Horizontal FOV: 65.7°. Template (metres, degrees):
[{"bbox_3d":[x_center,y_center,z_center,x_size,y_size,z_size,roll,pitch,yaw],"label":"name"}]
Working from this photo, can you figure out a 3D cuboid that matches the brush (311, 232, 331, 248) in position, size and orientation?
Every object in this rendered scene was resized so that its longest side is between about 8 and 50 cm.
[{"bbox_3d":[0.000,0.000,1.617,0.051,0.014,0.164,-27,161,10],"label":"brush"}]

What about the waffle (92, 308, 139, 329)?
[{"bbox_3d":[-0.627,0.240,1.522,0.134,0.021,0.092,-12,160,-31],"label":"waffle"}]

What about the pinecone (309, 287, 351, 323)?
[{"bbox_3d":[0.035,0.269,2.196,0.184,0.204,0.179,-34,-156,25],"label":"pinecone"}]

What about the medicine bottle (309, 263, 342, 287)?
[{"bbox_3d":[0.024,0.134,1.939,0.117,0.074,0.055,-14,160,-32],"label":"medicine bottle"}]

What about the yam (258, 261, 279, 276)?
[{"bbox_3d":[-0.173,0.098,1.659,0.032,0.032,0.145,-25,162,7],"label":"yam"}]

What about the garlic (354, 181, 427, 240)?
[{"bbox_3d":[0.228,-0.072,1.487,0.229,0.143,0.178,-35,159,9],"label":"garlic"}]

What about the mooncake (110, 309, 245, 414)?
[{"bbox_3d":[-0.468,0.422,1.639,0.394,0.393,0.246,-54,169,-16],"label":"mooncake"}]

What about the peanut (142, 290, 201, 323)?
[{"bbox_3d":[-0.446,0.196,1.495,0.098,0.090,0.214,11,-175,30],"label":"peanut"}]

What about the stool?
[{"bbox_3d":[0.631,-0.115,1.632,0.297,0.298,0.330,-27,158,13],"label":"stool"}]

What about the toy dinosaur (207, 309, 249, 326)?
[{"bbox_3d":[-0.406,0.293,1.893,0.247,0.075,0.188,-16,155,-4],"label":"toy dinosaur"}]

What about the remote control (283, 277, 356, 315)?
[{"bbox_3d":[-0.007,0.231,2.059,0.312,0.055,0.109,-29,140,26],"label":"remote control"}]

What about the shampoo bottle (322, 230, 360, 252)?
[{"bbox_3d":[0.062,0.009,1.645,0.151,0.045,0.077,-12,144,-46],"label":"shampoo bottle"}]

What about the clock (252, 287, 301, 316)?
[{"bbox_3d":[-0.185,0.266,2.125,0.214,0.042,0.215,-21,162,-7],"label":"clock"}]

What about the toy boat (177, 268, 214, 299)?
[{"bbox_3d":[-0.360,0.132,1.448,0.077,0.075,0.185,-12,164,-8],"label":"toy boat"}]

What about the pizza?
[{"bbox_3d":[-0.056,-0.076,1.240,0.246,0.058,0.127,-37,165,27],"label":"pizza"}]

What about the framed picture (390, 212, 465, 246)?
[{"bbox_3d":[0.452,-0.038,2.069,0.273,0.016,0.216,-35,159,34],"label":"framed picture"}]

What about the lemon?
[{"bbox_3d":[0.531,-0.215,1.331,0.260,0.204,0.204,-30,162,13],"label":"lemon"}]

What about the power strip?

********

Return, without any change, only the lines from the one containing "What about the stool?" through the last line of the entries above.

Task answer:
What about the stool?
[{"bbox_3d":[0.631,-0.115,1.632,0.297,0.298,0.330,-27,158,13],"label":"stool"}]

What about the toy dinosaur (207, 309, 249, 326)?
[{"bbox_3d":[-0.406,0.293,1.893,0.247,0.075,0.188,-16,155,-4],"label":"toy dinosaur"}]

What about the remote control (283, 277, 356, 315)?
[{"bbox_3d":[-0.007,0.231,2.059,0.312,0.055,0.109,-29,140,26],"label":"remote control"}]

What about the shampoo bottle (322, 230, 360, 252)?
[{"bbox_3d":[0.062,0.009,1.645,0.151,0.045,0.077,-12,144,-46],"label":"shampoo bottle"}]

What about the clock (252, 287, 301, 316)?
[{"bbox_3d":[-0.185,0.266,2.125,0.214,0.042,0.215,-21,162,-7],"label":"clock"}]

What about the toy boat (177, 268, 214, 299)?
[{"bbox_3d":[-0.360,0.132,1.448,0.077,0.075,0.185,-12,164,-8],"label":"toy boat"}]

What about the pizza?
[{"bbox_3d":[-0.056,-0.076,1.240,0.246,0.058,0.127,-37,165,27],"label":"pizza"}]

What about the framed picture (390, 212, 465, 246)?
[{"bbox_3d":[0.452,-0.038,2.069,0.273,0.016,0.216,-35,159,34],"label":"framed picture"}]

What about the lemon?
[{"bbox_3d":[0.531,-0.215,1.331,0.260,0.204,0.204,-30,162,13],"label":"lemon"}]

What about the power strip?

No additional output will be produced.